(Source data)

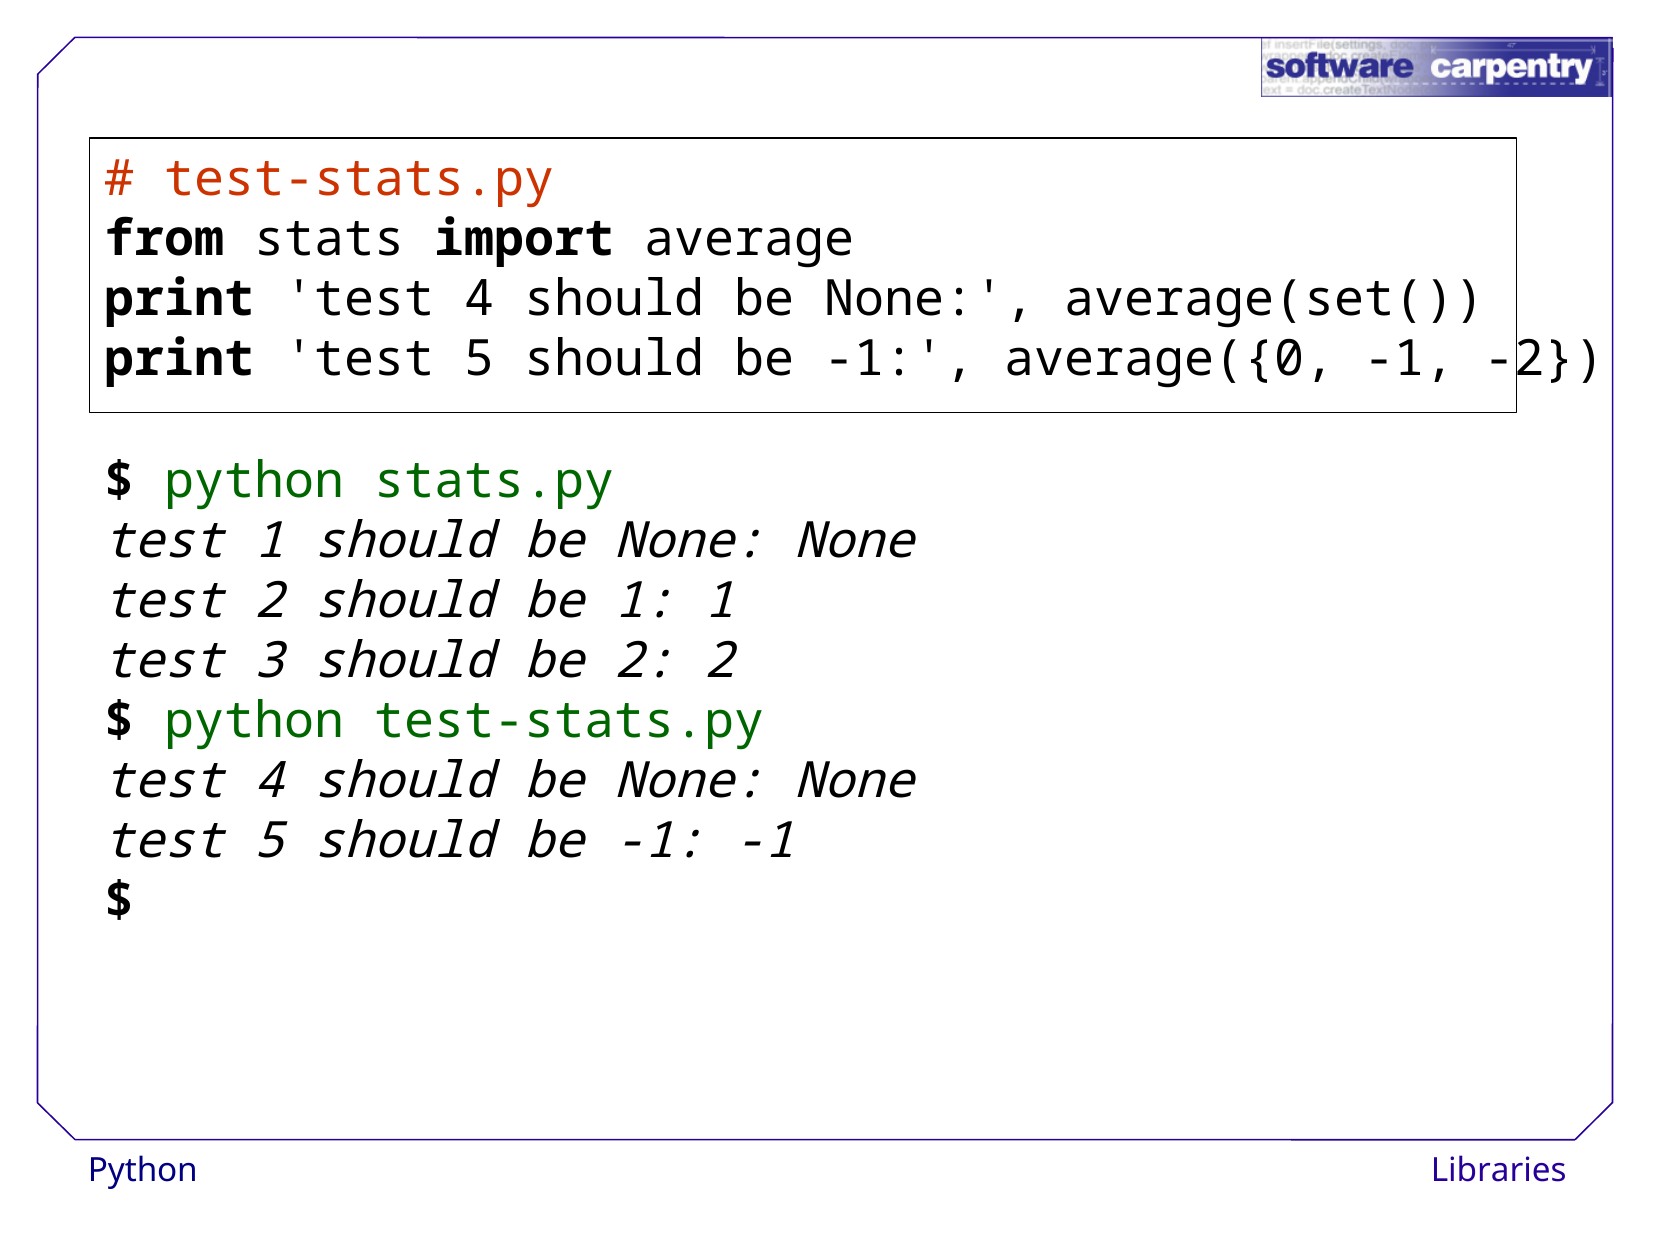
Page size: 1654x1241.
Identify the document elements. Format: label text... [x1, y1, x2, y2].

text_box # test-stats.py from stats import average print 'test 4 should be None:', average(set()) print 'test 5 should be -1:', average({0, -1, -2}) [89, 138, 1517, 413]
picture [1261, 39, 1613, 97]
text_box $ python stats.py test 1 should be None: None test 2 should be 1: 1 test 3 should be 2: 2 $ python test-stats.py test 4 should be None: None test 5 should be -1: -1 $ [89, 440, 1517, 951]
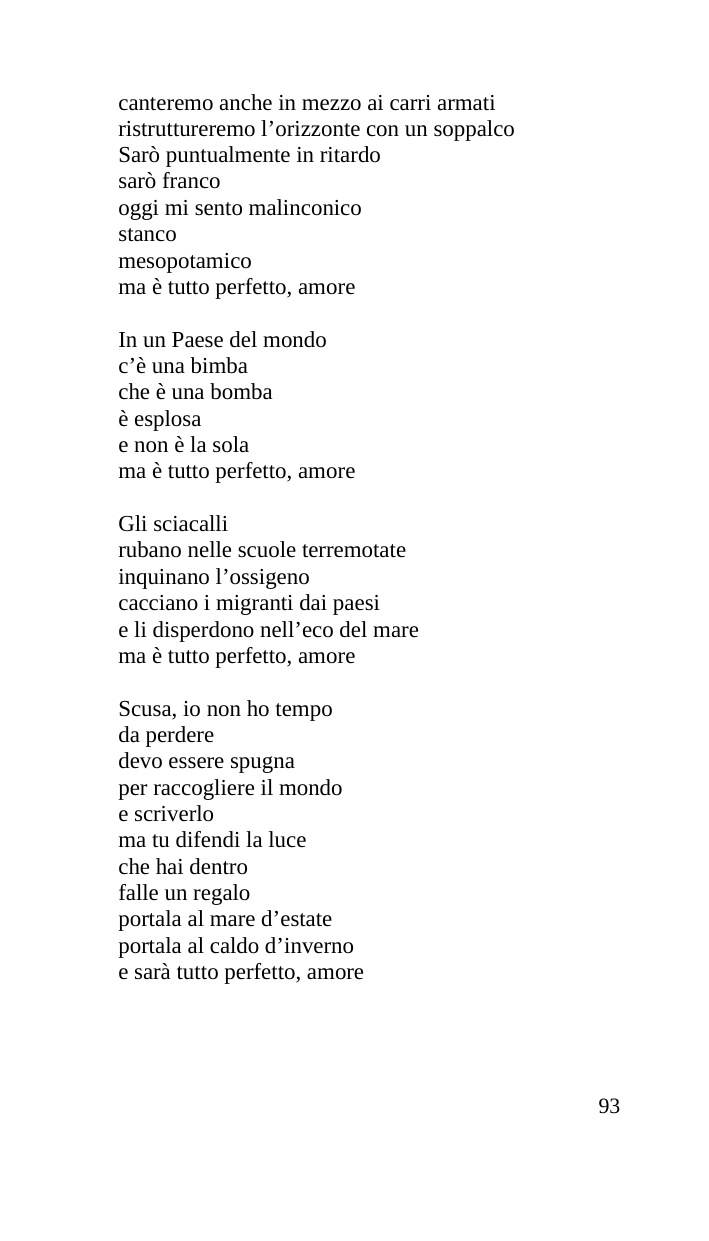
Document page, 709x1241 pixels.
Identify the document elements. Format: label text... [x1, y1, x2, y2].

text falle un regalo [118, 879, 620, 906]
text Gli sciacalli [118, 510, 620, 537]
text da perdere [118, 721, 620, 747]
text per raccogliere il mondo [118, 774, 620, 800]
text e scriverlo [118, 800, 620, 826]
text In un Paese del mondo [118, 326, 620, 352]
text portala al mare d’estate [118, 906, 620, 932]
text c’è una bimba [118, 352, 620, 378]
text ma è tutto perfetto, amore [118, 457, 620, 484]
text mesopotamico [118, 247, 620, 273]
text stanco [118, 220, 620, 247]
text canteremo anche in mezzo ai carri armati [118, 88, 620, 115]
text e non è la sola [118, 431, 620, 457]
text ma è tutto perfetto, amore [118, 273, 620, 299]
text e sarà tutto perfetto, amore [118, 958, 620, 984]
text devo essere spugna [118, 747, 620, 774]
text oggi mi sento malinconico [118, 194, 620, 220]
text Scusa, io non ho tempo [118, 695, 620, 721]
text sarò franco [118, 168, 620, 194]
text portala al caldo d’inverno [118, 932, 620, 958]
text è esplosa [118, 405, 620, 431]
text rubano nelle scuole terremotate [118, 537, 620, 563]
text ristruttureremo l’orizzonte con un soppalco [118, 115, 620, 141]
text Sarò puntualmente in ritardo [118, 141, 620, 168]
text inquinano l’ossigeno [118, 563, 620, 589]
text che è una bomba [118, 378, 620, 405]
text ma è tutto perfetto, amore [118, 642, 620, 668]
text ma tu difendi la luce [118, 826, 620, 853]
text cacciano i migranti dai paesi [118, 589, 620, 616]
text che hai dentro [118, 853, 620, 879]
text e li disperdono nell’eco del mare [118, 616, 620, 642]
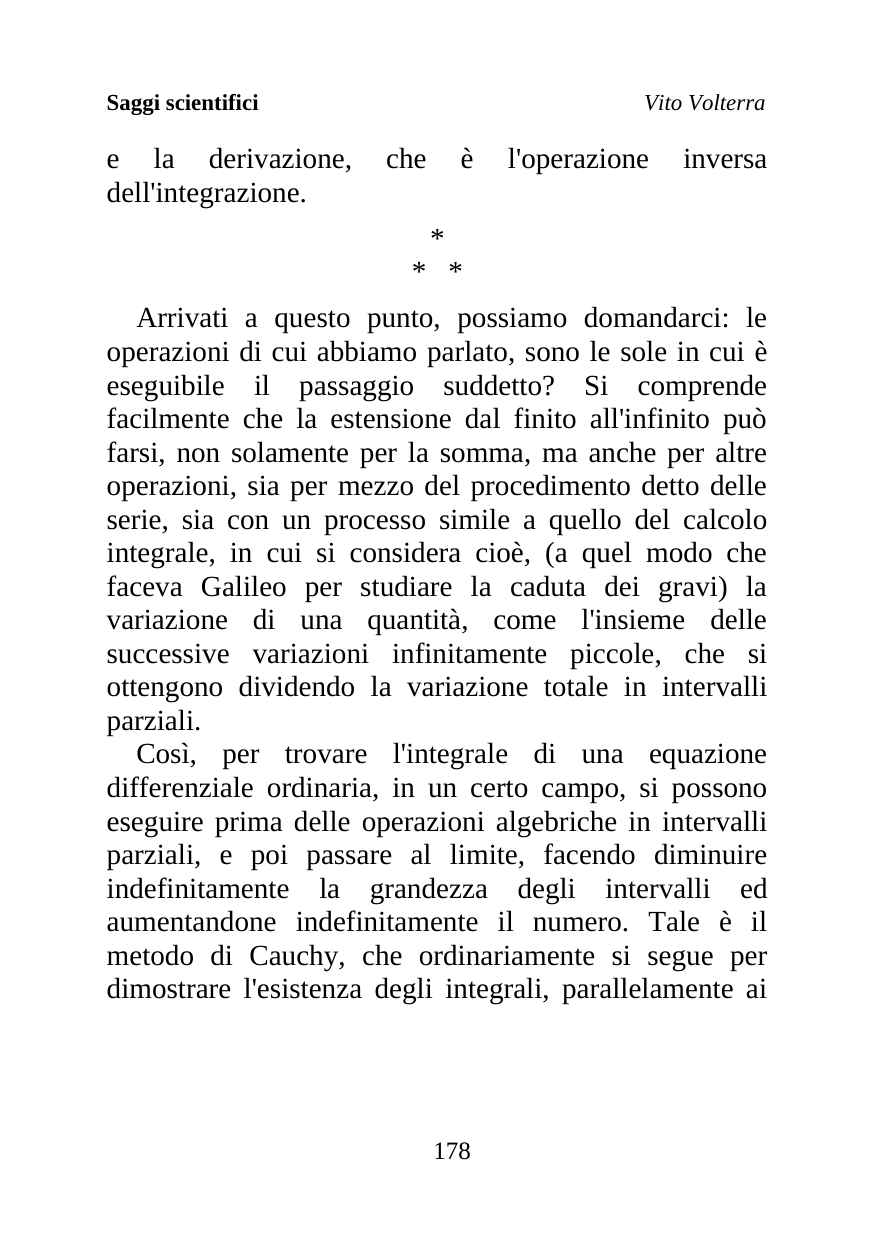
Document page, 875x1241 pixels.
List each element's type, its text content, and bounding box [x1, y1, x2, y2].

text * * * [106, 221, 768, 288]
text e la derivazione, che è l'operazione inversa dell'integrazione. [106, 141, 768, 208]
text Così, per trovare l'integrale di una equazione differenziale ordinaria, in un certo campo, si possono eseguire prima delle operazioni algebriche in intervalli parziali, e poi passare al limite, facendo diminuire indefinitamente la grandezza degli intervalli ed aumentandone indefinitamente il numero. Tale è il metodo di Cauchy, che ordinariamente si segue per dimostrare l'esistenza degli integrali, parallelamente ai [106, 737, 768, 1005]
text Arrivati a questo punto, possiamo domandarci: le operazioni di cui abbiamo parlato, sono le sole in cui è eseguibile il passaggio suddetto? Si comprende facilmente che la estensione dal finito all'infinito può farsi, non solamente per la somma, ma anche per altre operazioni, sia per mezzo del procedimento detto delle serie, sia con un processo simile a quello del calcolo integrale, in cui si considera cioè, (a quel modo che faceva Galileo per studiare la caduta dei gravi) la variazione di una quantità, come l'insieme delle successive variazioni infinitamente piccole, che si ottengono dividendo la variazione totale in intervalli parziali. [106, 301, 768, 737]

Try it:
Using the entries shown above, reproduce verbatim the lines from the line bearing "text In un Paese" to the line bearing "text ristruttureremo l’orizzonte", inclusive.

Reply to the exercise:
text In un Paese del mondo [118, 326, 620, 352]
text portala al mare d’estate [118, 906, 620, 932]
text c’è una bimba [118, 352, 620, 378]
text ma è tutto perfetto, amore [118, 457, 620, 484]
text mesopotamico [118, 247, 620, 273]
text stanco [118, 220, 620, 247]
text canteremo anche in mezzo ai carri armati [118, 88, 620, 115]
text e non è la sola [118, 431, 620, 457]
text ma è tutto perfetto, amore [118, 273, 620, 299]
text e sarà tutto perfetto, amore [118, 958, 620, 984]
text devo essere spugna [118, 747, 620, 774]
text oggi mi sento malinconico [118, 194, 620, 220]
text Scusa, io non ho tempo [118, 695, 620, 721]
text sarò franco [118, 168, 620, 194]
text portala al caldo d’inverno [118, 932, 620, 958]
text è esplosa [118, 405, 620, 431]
text rubano nelle scuole terremotate [118, 537, 620, 563]
text ristruttureremo l’orizzonte con un soppalco [118, 115, 620, 141]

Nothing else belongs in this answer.